Compilation album by Bill Monroe and his Blue Grass Boys
- Released: June 30, 1969
- Recorded: 1950–1955
- Genre: Bluegrass; gospel;
- Length: 27:31
- Label: Decca
- Producer: Paul Cohen

Bill Monroe chronology
| Bill Monroe and Charlie Monroe (1969) | A Voice from on High (1969) | Kentucky Blue Grass (1970) |

= A Voice from on High =

A Voice from on High is the tenth compilation album and first compilation of entirely gospel songs by American bluegrass musician Bill Monroe and his band, the Blue Grass Boys. Released by Decca Records on June 30, 1969, it features eleven songs recorded for the label between 1950 and 1955, ten of which were previously released as singles or B-sides. The sole unreleased track is a 1952 recording of Monroe and Pete Pyle's "Don't Put Off 'Til Tomorrow".

==Background==
According to Bill Monroe's manager Ralph Rinzler's liner notes to A Voice from on High, efforts were being made to arrange for a reissue of Monroe's 1950s gospel recordings as early as 1964. In early 1968, Rinzler and Monroe's producer Harry Silverstein discussed the idea for the album with Decca Records, but the label instead chose to issue another compilation of secular recordings following a string of successful releases of a similar nature — this came out that June as Bill Monroe's Greatest Hits, an album which almost entirely (save for three tracks) replicated the track listing of an earlier release, 1962's My All Time Country Favorites.
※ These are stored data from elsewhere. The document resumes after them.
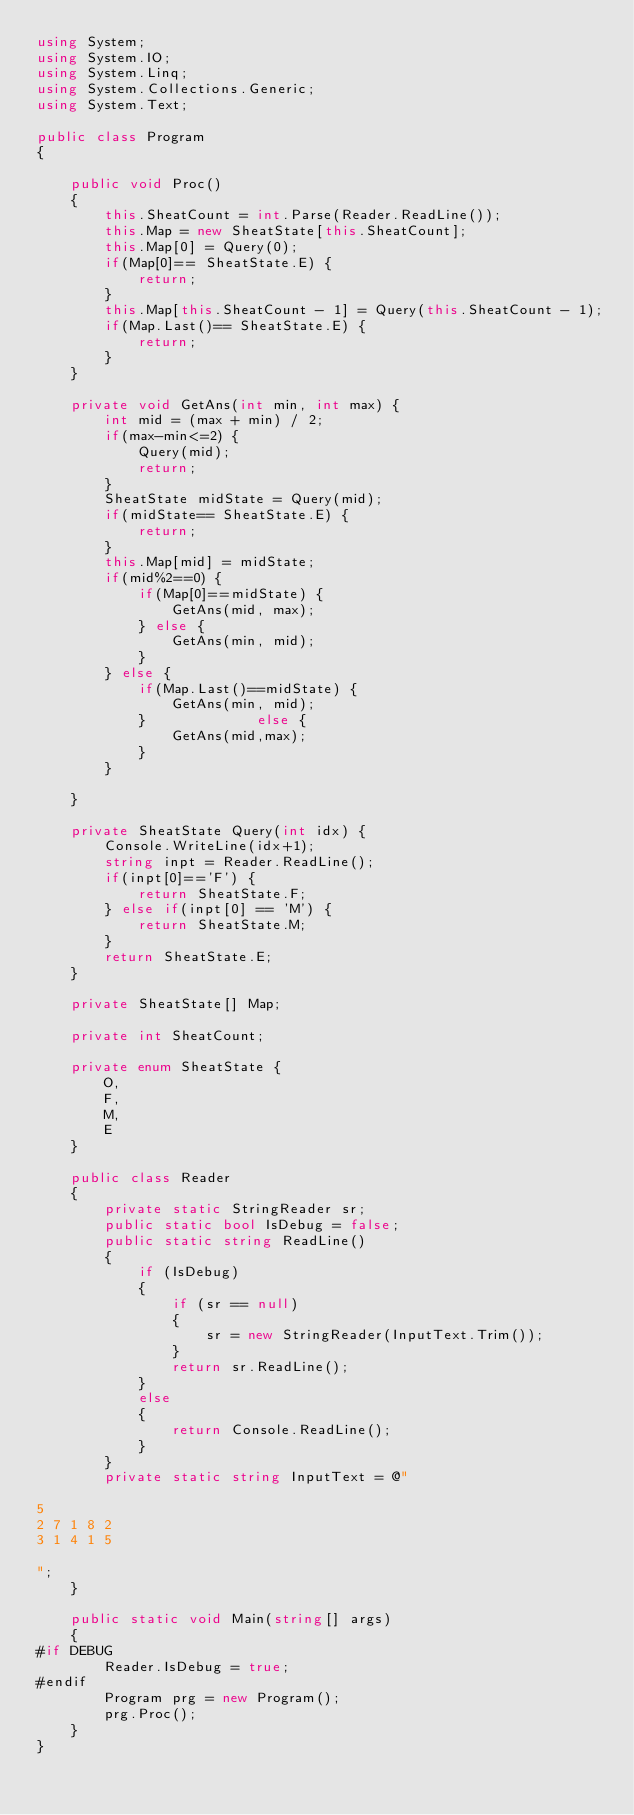<code> <loc_0><loc_0><loc_500><loc_500><_C#_>using System;
using System.IO;
using System.Linq;
using System.Collections.Generic;
using System.Text;

public class Program
{

    public void Proc()
    {
        this.SheatCount = int.Parse(Reader.ReadLine());
        this.Map = new SheatState[this.SheatCount];
        this.Map[0] = Query(0);
        if(Map[0]== SheatState.E) {
            return;
        }
        this.Map[this.SheatCount - 1] = Query(this.SheatCount - 1);
        if(Map.Last()== SheatState.E) {
            return;
        }
    }

    private void GetAns(int min, int max) {
        int mid = (max + min) / 2;
        if(max-min<=2) {
            Query(mid);
            return;
        }
        SheatState midState = Query(mid);
        if(midState== SheatState.E) {
            return;
        }
        this.Map[mid] = midState;
        if(mid%2==0) {
            if(Map[0]==midState) {
                GetAns(mid, max);
            } else {
                GetAns(min, mid);
            }
        } else {
            if(Map.Last()==midState) {
                GetAns(min, mid);
            }             else {
                GetAns(mid,max);
            }
        }

    }

    private SheatState Query(int idx) {
        Console.WriteLine(idx+1);
        string inpt = Reader.ReadLine();
        if(inpt[0]=='F') {
            return SheatState.F;
        } else if(inpt[0] == 'M') {
            return SheatState.M;
        }
        return SheatState.E;
    }

    private SheatState[] Map;

    private int SheatCount;

    private enum SheatState {
        O,
        F,
        M,
        E
    }

    public class Reader
    {
        private static StringReader sr;
        public static bool IsDebug = false;
        public static string ReadLine()
        {
            if (IsDebug)
            {
                if (sr == null)
                {
                    sr = new StringReader(InputText.Trim());
                }
                return sr.ReadLine();
            }
            else
            {
                return Console.ReadLine();
            }
        }
        private static string InputText = @"

5
2 7 1 8 2
3 1 4 1 5

";
    }

    public static void Main(string[] args)
    {
#if DEBUG
        Reader.IsDebug = true;
#endif
        Program prg = new Program();
        prg.Proc();
    }
}
</code> 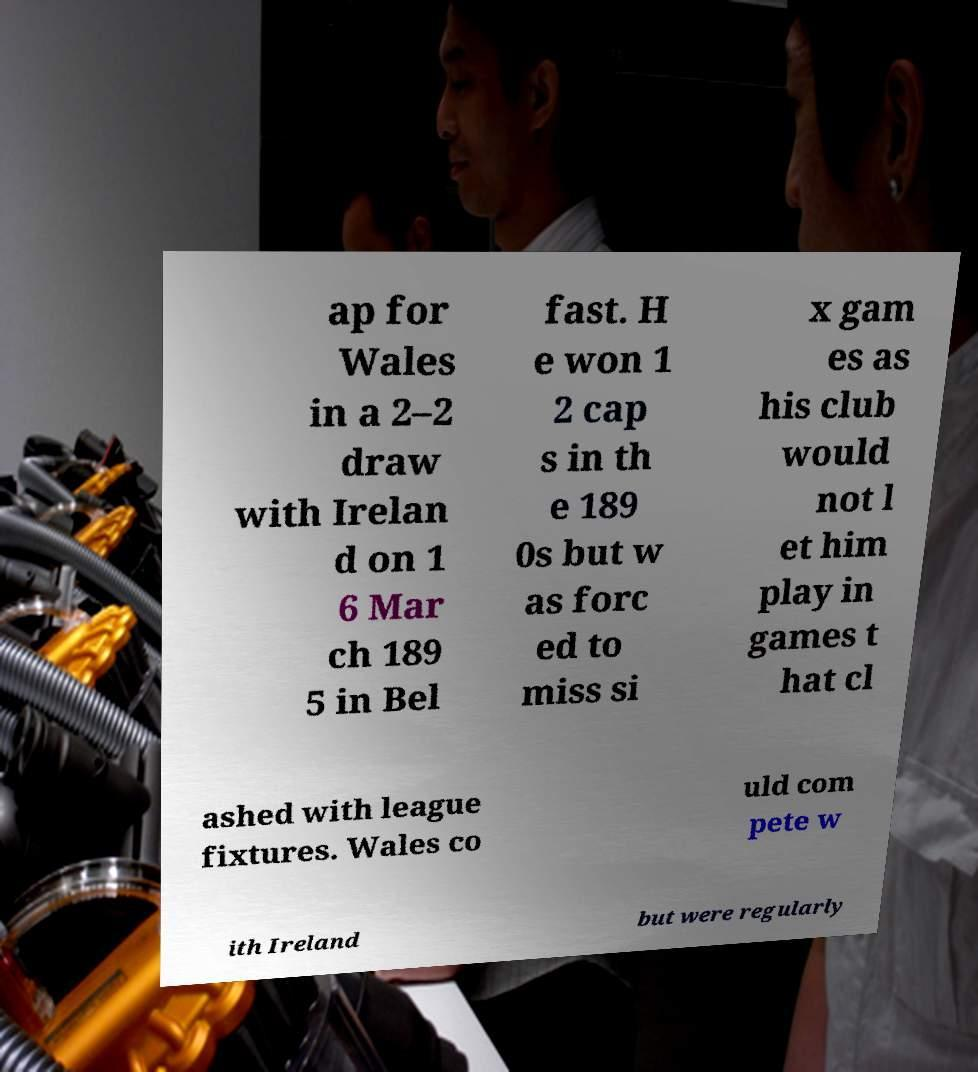What messages or text are displayed in this image? I need them in a readable, typed format. ap for Wales in a 2–2 draw with Irelan d on 1 6 Mar ch 189 5 in Bel fast. H e won 1 2 cap s in th e 189 0s but w as forc ed to miss si x gam es as his club would not l et him play in games t hat cl ashed with league fixtures. Wales co uld com pete w ith Ireland but were regularly 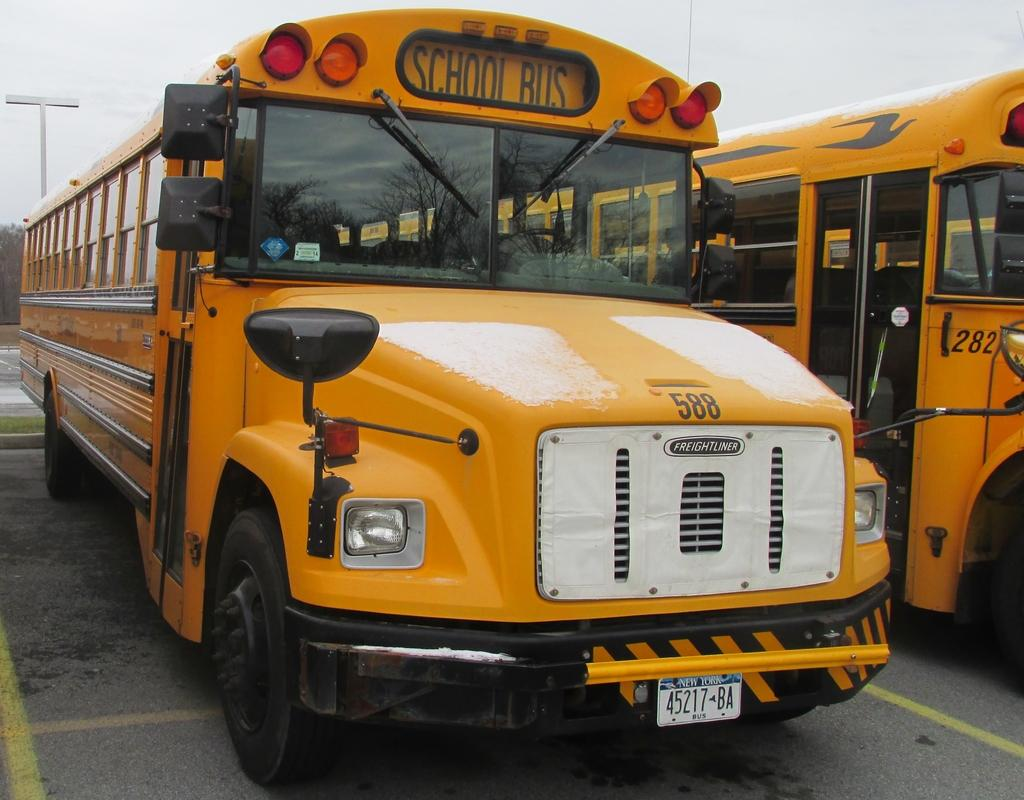What type of objects are present in the image? There are vehicles in the image. What colors are the vehicles? The vehicles are in yellow and black colors. What else can be seen in the image besides the vehicles? There is a pole in the image. What is visible in the background of the image? The sky is visible in the image. What type of plate is placed on the front of the vehicle in the image? There is no plate visible on the front of the vehicle in the image. Can you describe the middle part of the vehicle in the image? The provided facts do not give any information about the middle part of the vehicle, so it cannot be described. 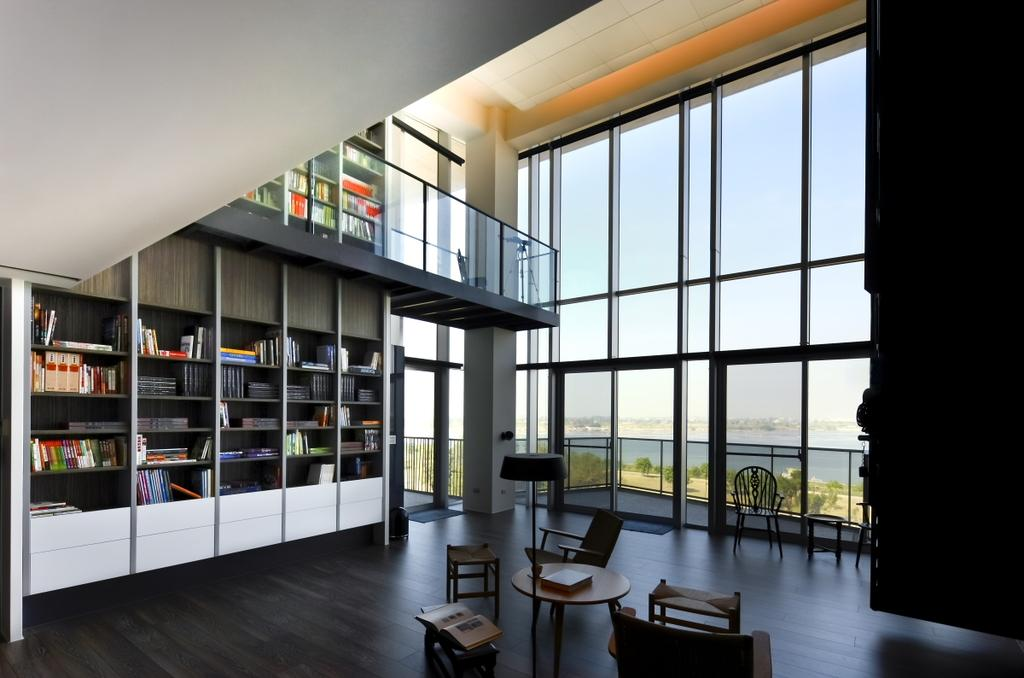What can be seen on the shelves in the image? There are books arranged in shelves in the image. What furniture is present in the room? There is a table and chairs in the image. What architectural features can be seen in the room? There is a door in the image. What is visible through the windows in the image? There are windows in the image, and water, trees, and the sky are visible in the background. How many sheep are grazing on the range in the image? There are no sheep or range present in the image. What type of fork is used to eat the food on the table in the image? There is no fork visible in the image, and no food is being eaten. 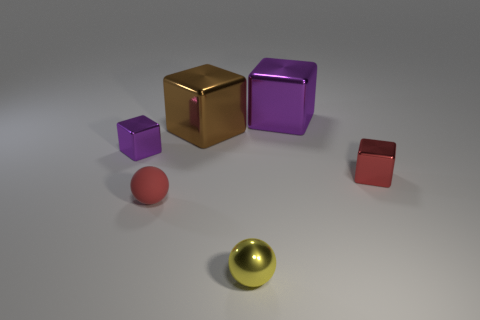Subtract all purple blocks. How many were subtracted if there are1purple blocks left? 1 Subtract 0 yellow cubes. How many objects are left? 6 Subtract all spheres. How many objects are left? 4 Subtract all yellow cubes. Subtract all cyan spheres. How many cubes are left? 4 Subtract all blue cylinders. How many cyan blocks are left? 0 Subtract all big purple objects. Subtract all large brown cubes. How many objects are left? 4 Add 4 small purple objects. How many small purple objects are left? 5 Add 2 yellow cubes. How many yellow cubes exist? 2 Add 2 rubber spheres. How many objects exist? 8 Subtract all brown blocks. How many blocks are left? 3 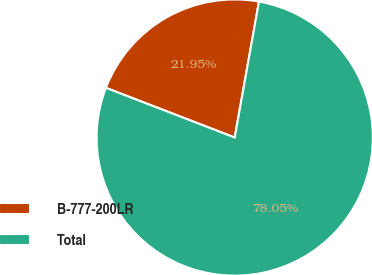Convert chart to OTSL. <chart><loc_0><loc_0><loc_500><loc_500><pie_chart><fcel>B-777-200LR<fcel>Total<nl><fcel>21.95%<fcel>78.05%<nl></chart> 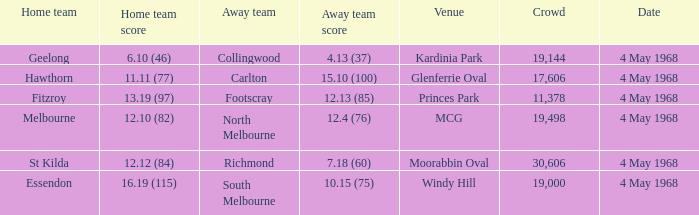How big was the crowd of the team that scored 4.13 (37)? 19144.0. 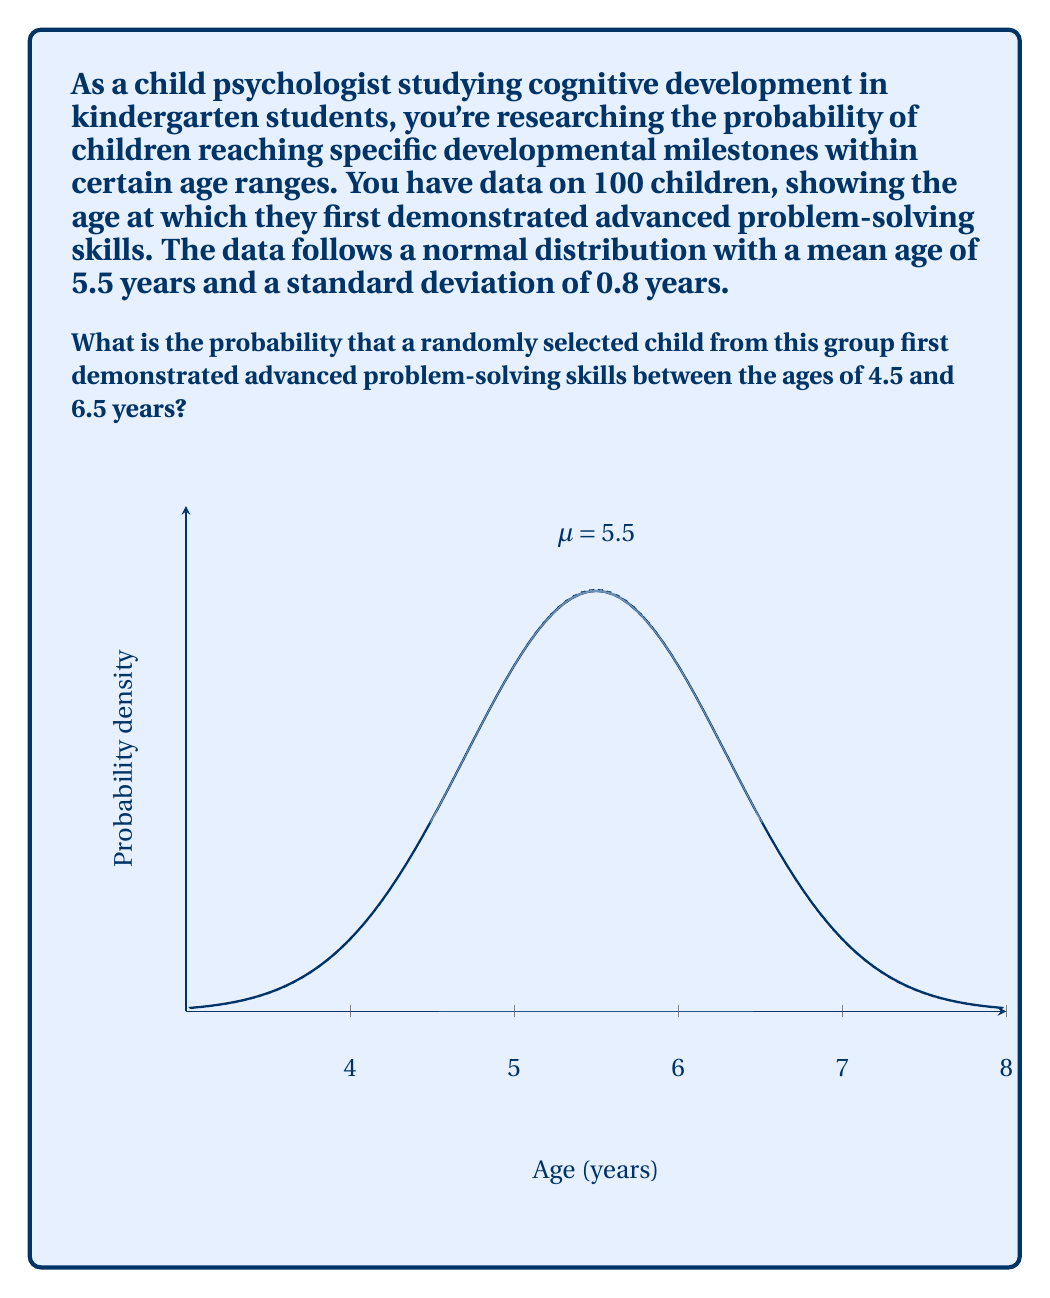Provide a solution to this math problem. To solve this problem, we'll use the properties of the normal distribution and the concept of z-scores. Here's a step-by-step approach:

1) We're given that the data follows a normal distribution with:
   Mean (μ) = 5.5 years
   Standard deviation (σ) = 0.8 years

2) We need to find the probability of a child's age falling between 4.5 and 6.5 years.

3) To use the standard normal distribution table, we need to convert these ages to z-scores:

   For 4.5 years: $z_1 = \frac{4.5 - 5.5}{0.8} = -1.25$
   For 6.5 years: $z_2 = \frac{6.5 - 5.5}{0.8} = 1.25$

4) Now, we need to find the area under the standard normal curve between z = -1.25 and z = 1.25.

5) Using a standard normal distribution table or calculator:
   P(z ≤ 1.25) = 0.8944
   P(z ≤ -1.25) = 1 - 0.8944 = 0.1056

6) The probability we're looking for is the difference between these two:
   P(-1.25 ≤ z ≤ 1.25) = 0.8944 - 0.1056 = 0.7888

7) Therefore, the probability that a randomly selected child first demonstrated advanced problem-solving skills between the ages of 4.5 and 6.5 years is approximately 0.7888 or 78.88%.
Answer: 0.7888 or 78.88% 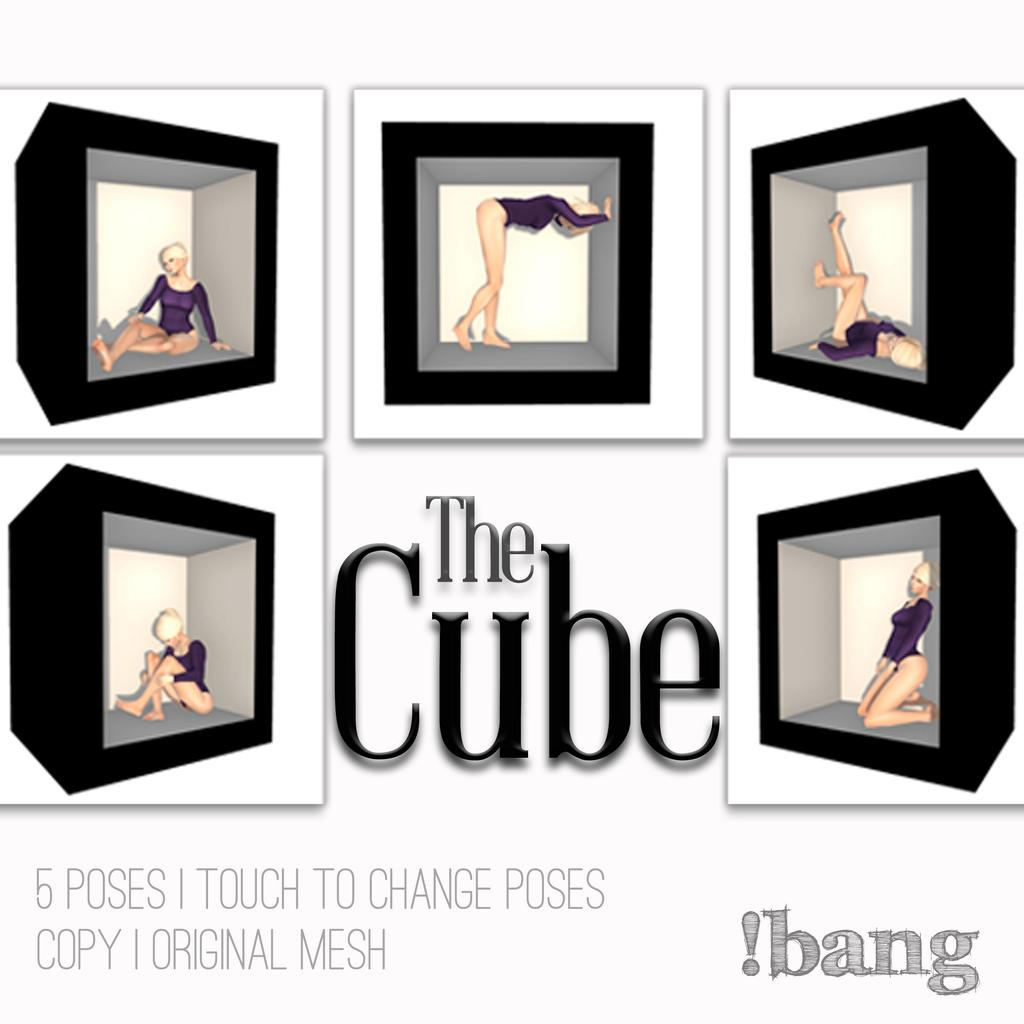<image>
Present a compact description of the photo's key features. A poster with the The cube written in large letters. 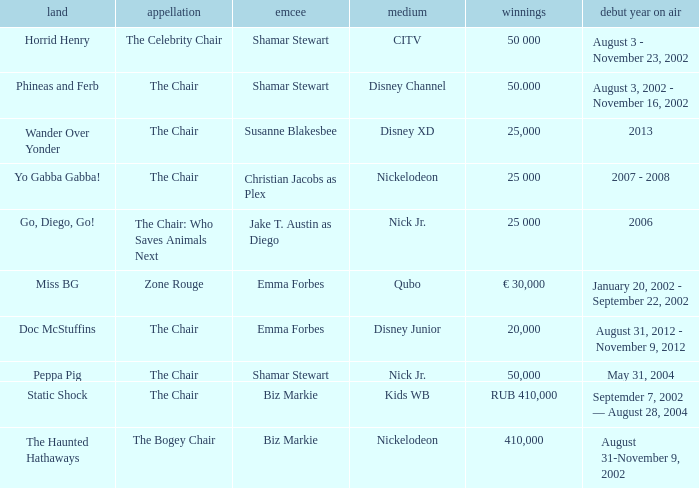What was the first year that had a prize of 50,000? May 31, 2004.

A year after Greatest Hits, Decca released A Voice from on High on June 30, 1969. Ten of the eleven tracks featured on the album had been originally released as singles or B-sides; the sole previously unreleased track was a recording of the Monroe and Pete Pyle original "Don't Put Off 'Til Tomorrow" from 1952 featuring Jimmy Martin, Sonny Osborne, Charlie Cline and Ernie Newton. Speaking about the delayed release of the song in the liner notes, Rinzler informed listeners about the five-year delay, and quoted an interview he conducted with Monroe in which the bandleader stated that "It's really a good song and I'm glad they're going to release it."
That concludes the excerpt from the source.